FARKINDALIK, KENDİNİ KEŞFETMEKTİR!


Kendini keşfetmek mi nedir?
Tıpkı bir tırtılın,
-sadece kendisi olma dürtüsüyle-
Kelebek olacağını bilmesidir, bende.


Hiçbir zaman
Çaba harcamadan ortaya çıkmayan
Potansiyelini gerçekleştirmek için
-ihtiyaç duyulan iklim ve koşulları tanımlayarak-
Harekete geçmesidir, bende.


Kendini ifade eden bir dönüşüm için
-tıpkı koza örmek ve sabretmek gibi-
Zorlu süreçlerden geçmeyi göze almasıdır, bende.


Kendini keşfetmek mi nedir?
Kendisi olmak isteyenlerin
Kelebek olup özgürleşmesidir, bende.

FARKINDALIK, SEBEPLERE ODAKLANMAKTIR!


Yanlıştan kaçınma ümidi
Ve hatayı tekrarlama korkusunun
Aynı anda ve bir arada olmasını sağlayarak
Bizleri doğru davranışa sevk eden Farkındalık,
Her başlangıcı olan bir şeyin,
Bir sebebi olduğunu bilmektir, bende.


İşte tam da bu yüzden,
Şartlar ne olursa olsun,
Olaylar ne yönde gelişirse gelişsin,
Üzüntüye kapılmadan ve kaygılanmadan,
Olumsuz durumların bile
En iyi ve güzel şekilde sonuçlanacağına
İnanan ve güvenenler,
-kaygıyla sonuçları düşünenler değil-
Sadece sebeplere odaklanmış
Farkındalık sahipleridir, bende.

FARKINDALIK, İÇİMİZDEKİ EKSİKLİĞİ FARK ETMEKTİR!


Farkındalık,
İçimizdeki boşluğun
Veya tamamlanmasını istediğimiz bir eksikliğin yerine,
-henüz ne olduğunu bilemesek bile-
Başka bir şeyin ikame etmesini istemektir, bende.


Farkındalık,
- istemediğimiz bir şeyden uzaklaşmak veya daha iyiye kavuşmak için-
İçimizdeki boşluğu veya eksikliği,
Kendi düşünce duruşmalarımızda yargılayıp,
Mahkûm edebilmektir, bende.

FARKINDALIK, BAKIŞ AÇISINI OLUMLU DEĞİŞTİRMEKTİR!
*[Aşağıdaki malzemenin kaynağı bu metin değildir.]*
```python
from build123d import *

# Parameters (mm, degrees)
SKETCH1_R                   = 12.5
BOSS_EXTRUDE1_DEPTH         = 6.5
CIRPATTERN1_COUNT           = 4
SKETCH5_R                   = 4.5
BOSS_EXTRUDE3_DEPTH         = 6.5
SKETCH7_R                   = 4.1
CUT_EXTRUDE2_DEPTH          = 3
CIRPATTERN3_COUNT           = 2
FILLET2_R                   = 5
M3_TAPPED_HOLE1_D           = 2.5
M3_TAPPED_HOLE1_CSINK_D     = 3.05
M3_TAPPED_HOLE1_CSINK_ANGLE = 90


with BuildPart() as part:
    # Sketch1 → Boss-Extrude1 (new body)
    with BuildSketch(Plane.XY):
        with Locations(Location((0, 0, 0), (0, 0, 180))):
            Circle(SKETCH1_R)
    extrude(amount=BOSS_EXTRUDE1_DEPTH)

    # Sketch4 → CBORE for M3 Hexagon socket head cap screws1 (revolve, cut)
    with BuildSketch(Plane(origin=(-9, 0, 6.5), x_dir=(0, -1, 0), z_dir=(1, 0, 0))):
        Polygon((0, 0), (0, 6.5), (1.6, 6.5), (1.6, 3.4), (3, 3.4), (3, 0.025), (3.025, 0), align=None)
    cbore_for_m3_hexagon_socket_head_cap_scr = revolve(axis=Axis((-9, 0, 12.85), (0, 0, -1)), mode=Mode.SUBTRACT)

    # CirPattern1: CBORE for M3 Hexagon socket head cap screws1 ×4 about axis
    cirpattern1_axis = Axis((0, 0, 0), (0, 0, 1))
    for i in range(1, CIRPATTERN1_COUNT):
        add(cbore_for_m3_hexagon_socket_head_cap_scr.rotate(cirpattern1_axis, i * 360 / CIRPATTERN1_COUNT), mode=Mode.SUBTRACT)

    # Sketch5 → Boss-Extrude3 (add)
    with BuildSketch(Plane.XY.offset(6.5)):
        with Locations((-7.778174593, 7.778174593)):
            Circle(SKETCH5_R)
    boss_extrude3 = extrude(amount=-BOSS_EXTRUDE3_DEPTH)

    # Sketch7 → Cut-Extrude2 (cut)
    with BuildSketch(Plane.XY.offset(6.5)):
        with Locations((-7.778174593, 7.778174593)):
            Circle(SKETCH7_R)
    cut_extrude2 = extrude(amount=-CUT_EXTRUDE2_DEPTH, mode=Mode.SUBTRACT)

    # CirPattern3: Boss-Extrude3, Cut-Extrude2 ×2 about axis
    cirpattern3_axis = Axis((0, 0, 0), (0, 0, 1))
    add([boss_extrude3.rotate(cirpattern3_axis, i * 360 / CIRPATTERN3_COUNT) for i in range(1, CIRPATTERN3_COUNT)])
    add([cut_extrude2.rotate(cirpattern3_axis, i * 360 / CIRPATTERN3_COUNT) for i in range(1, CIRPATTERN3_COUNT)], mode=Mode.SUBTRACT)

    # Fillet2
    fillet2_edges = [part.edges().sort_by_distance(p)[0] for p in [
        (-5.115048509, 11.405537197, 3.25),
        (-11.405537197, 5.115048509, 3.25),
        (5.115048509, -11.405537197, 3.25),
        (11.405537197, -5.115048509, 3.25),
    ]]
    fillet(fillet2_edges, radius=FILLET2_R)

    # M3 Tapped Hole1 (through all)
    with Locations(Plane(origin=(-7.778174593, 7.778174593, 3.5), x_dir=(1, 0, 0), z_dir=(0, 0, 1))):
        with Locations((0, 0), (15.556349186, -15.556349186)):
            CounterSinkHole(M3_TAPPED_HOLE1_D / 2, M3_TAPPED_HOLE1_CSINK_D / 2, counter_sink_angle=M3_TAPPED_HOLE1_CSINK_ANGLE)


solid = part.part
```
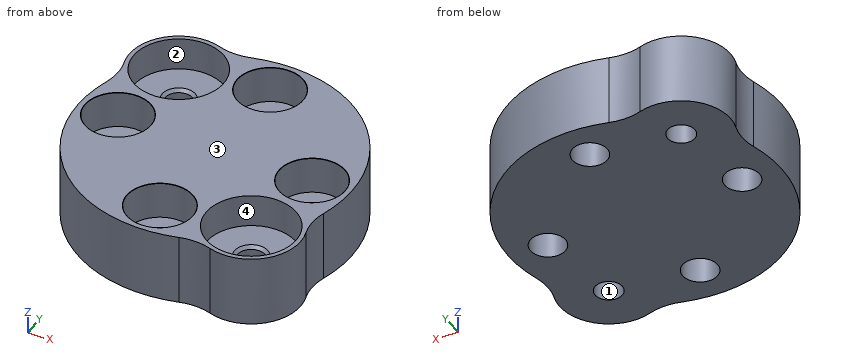
Input: part model. Units: mm. Frame: model coordinates. Face numbers are marked on the shaded views. A direction names the side the tool comes from. Round coordinates to 2 decimals unless told otherwise and drop trailing zeros. Write each loop counter-clockwise with the first axis right and the second up, starting at its lowest first coordinate (ties: lowest second). Pieces come first, ordered by that corner, then holes. Notation, with made-up numbers: (23, -8) -> (73, -8) arc R18 cw to (73, 14) -> close; hole circle Ø7 at (84.5, -12). An arc over 180 degrees is marked (long way). Answer as CSV lines item,"result".
1. Section A-A (x = 0). Return the cut outline in (y, z) (3 decimals).
Geometry says:
outline,"(-12.5, 0) -> (-10.6, 0) -> (-10.6, 3.1) -> (-12, 3.1) -> (-12, 6.475) -> (-12.025, 6.5) -> (-12.5, 6.5) -> close; (-7.4, 0) -> (7.4, 0) -> (7.4, 3.1) -> (6, 3.1) -> (6, 6.475) -> (5.975, 6.5) -> (-5.975, 6.5) -> (-6, 6.475) -> (-6, 3.1) -> (-7.4, 3.1) -> close; (10.6, 0) -> (12.5, 0) -> (12.5, 6.5) -> (12.025, 6.5) -> (12, 6.475) -> (12, 3.1) -> (10.6, 3.1) -> close"
2. Section C-C (z = 4). Give the number of separate pieces and of enclosed holes in the cut face, plus the area to 3 significant figures.
Geometry says:
separate pieces,"1"
enclosed holes,"6"
area,"315 mm^2"
3. Reachability of the marked faces 1 and 2 from +Z, -Z, +X, -X, +Y, -Y: full face, straight path, thin tool, end or side. Return the list, or none.
Geometry says:
face 1,"+Z, -Z"
face 2,"+Z"
4. Ray query, L1, parallel to X at y = 0, z = 2.2; L2, parallel to X at y = 0, z = 5.25. Return the intervals inside material, ascending. Write a range as [from, to].
Geometry says:
L1,"x = [-12.5, -10.6], [-7.4, 7.4], [10.6, 12.5]"
L2,"x = [-12.5, -12], [-6, 6], [12, 12.5]"
5. Mould query, pull axis X, two halves, no side actions, for the marked faces 3 and 4. Classes: +X half, -X half, draft (parallel to the pull), parting line (faces both ways), or undercut.
Geometry says:
face 3,"draft"
face 4,"undercut"
6. Contact query for flat-ended pins moving along their axis: P1, Ø5, axis at x = 9, y = 0, coming from the +Z side; P2, Ø1.9, axis at x = -9, y = 0, coming from the +Z side; P3, Ø4, axis at x = 7.5, y = -9, coming from the +Z side; P4, Ø1.5, axis at x = -8, z = 4, coming from the +Y side. Output: stop coordinate, or through.
Geometry says:
P1,"stops at z = 3.1"
P2,"passes through"
P3,"stops at z = 3.5"
P4,"stops at y = 12.28"

İlgi duyduğu ve yapılmaya değer olduğunu düşündüğü
Anlamlı bir amaç içinde umudu,
Potansiyeli en yüksek canlı,
Yani yaşayan bir insan olmanın farkındalığında ise
Özgüveni bulan en kötümser ruhlar bile,
Tüm olumsuzluklardan sıyrılarak,
Yaşadığı anın keyfine
Ve gelecekte erişmek istediği başarının hazzına odaklanabilir
Ve bakış açısını değiştirebilir, değil mi?

FARKINDALIK, KİŞİNİN KENDİSİNİ BİLMESİDİR!


Hayatımızda bir dönüşümü başlatabilmek için
Her şeyden önce karar alma ve seçimlerde bulunma
Duyarlılığına sahip olmamız gerekir.


Bu duyarlılığın ortaya çıkması için
-isteklerin baskısı ve yönlendirmesi ile sürüklenmeyi engelleyen-
Pozitif "bilincin" devreye girmesi gereklidir.


Bu bilincin oluşması için
İlgi, algı ve dikkat önceliklerimizin
-yani bakış / algılayış biçimimizin-
Gerçekçi "amaçlar" çerçevesinde tanımlanması gereklidir.


Amaçların belirlenmesi için
Kişisel gerçekliğimizi tanımladığımız yer olan
Gitmek istediğimiz yeri bilmemiz gerekir.


Gitmek istediği yeri bilmek için
Öncelikle "kişinin kendisini bilmesi" gerekir.


Kişinin kendini bilmesi için
-aynı zamanda tüm yetersizlikleri ile-
Kendi potansiyelini tanımlaması
Ve kendini olduğu gibi sevmesi gerekir.

FARKINDALIK, KİŞİNİN KENDİNE DUYDUĞU SEVGİDİR!


Kendini değersiz hissettirmeyen özgüvenle,
Erişilen başarıda bulunan kişisel mutluluk;
Kendini değerli hissettiren kibir değil,
Kişinin kendisine duyduğu sevginin itirafıdır.

FARKINDALIK, İYİYİ BİLİNÇLE TERCİH ETMEKTİR!


Akıl yetisine sahip olmamız,
Bizi diğer canlılardan ayırıp
Bir üst konuma yerleştirse bile,
       - Fiillerin iyi olanı,
       - Nesnelerin faydalı olanı,
       - Eylemlerin övgüye layık olanı
İçin tercih edilip kullanılmadıkça
Varlığı değer kazanıp asalete kavuşamaz.

FARKINDALIK, ZİHİNSEL ÜRETİMLERDE BULUNMAKTIR!


Arayışta olduğumuz bir hakikatin gölgesi,
Her birimizin üzerine farklı renkte düşerek,
Birbirinden uzak fikirler elbette doğurabilir.


Bu normaldir, bende.
Hatta -antinomi ile-
Zihinler farklı üretimlerde bulunarak
Spekülasyon bile yapabilir.
Bu da normaldir, bende.


Ama ulaştığı doğruyu
Mutlak hakikat diye
Bir başkasına sunan kişi
-Aşırı eleştiri yapan değil-
Kendi fikrini Empoze edendir, bende.

FARKINDALIK, KENDİNİ SORGULAMAKTIR!


Önce enerji vampiri olanları ayıplayıp,
Mutsuz bakışlarla
"Neden böyleler acaba?"
Diye düşünmeye başladım.


Sonra birden kendime sordum:
"Acaba bende mi,
Kendinin enerji vampiri olmadığını sananlardanım?"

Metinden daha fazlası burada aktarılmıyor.